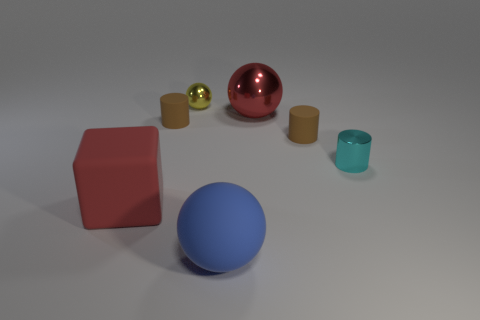Do the large red matte thing and the blue matte thing have the same shape?
Your answer should be compact. No. Are there any red metallic objects in front of the big rubber object in front of the red thing that is on the left side of the tiny yellow sphere?
Ensure brevity in your answer.  No. What number of other objects are there of the same color as the block?
Keep it short and to the point. 1. Does the brown matte object that is on the right side of the blue object have the same size as the red object to the left of the big red sphere?
Keep it short and to the point. No. Are there the same number of small brown rubber objects left of the large blue matte ball and big metallic spheres that are in front of the cyan cylinder?
Your response must be concise. No. Is there anything else that is the same material as the red sphere?
Your response must be concise. Yes. There is a red rubber thing; is it the same size as the red thing that is behind the big cube?
Keep it short and to the point. Yes. What is the large sphere in front of the small shiny thing that is right of the large shiny sphere made of?
Your response must be concise. Rubber. Are there the same number of yellow things that are on the right side of the big red shiny object and rubber things?
Provide a short and direct response. No. There is a ball that is both to the left of the big metallic ball and behind the large blue rubber ball; what is its size?
Your response must be concise. Small. 
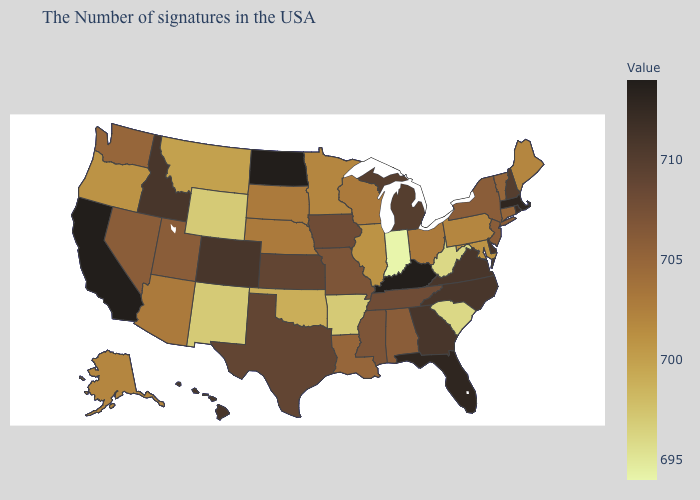Does Alaska have the highest value in the USA?
Write a very short answer. No. Does the map have missing data?
Be succinct. No. Does California have the highest value in the USA?
Write a very short answer. Yes. Does Georgia have the lowest value in the South?
Short answer required. No. Does West Virginia have the lowest value in the South?
Answer briefly. Yes. Among the states that border Oregon , which have the highest value?
Write a very short answer. California. Is the legend a continuous bar?
Give a very brief answer. Yes. Does Texas have a higher value than Utah?
Quick response, please. Yes.
◆ ◆ ◆
-- REQUIREMENT --
Beginning with the line that has "Your response must be concise. No." and ending with the line that has "Keep it short and to the point. Yes.", set down the lines above exactly and include no others.

-- RESPONSE AREA --
Your response must be concise. No. Is there anything else that is the same material as the red sphere?
Your response must be concise. Yes. There is a red rubber thing; is it the same size as the red thing that is behind the big cube?
Keep it short and to the point. Yes. What is the large sphere in front of the small shiny thing that is right of the large shiny sphere made of?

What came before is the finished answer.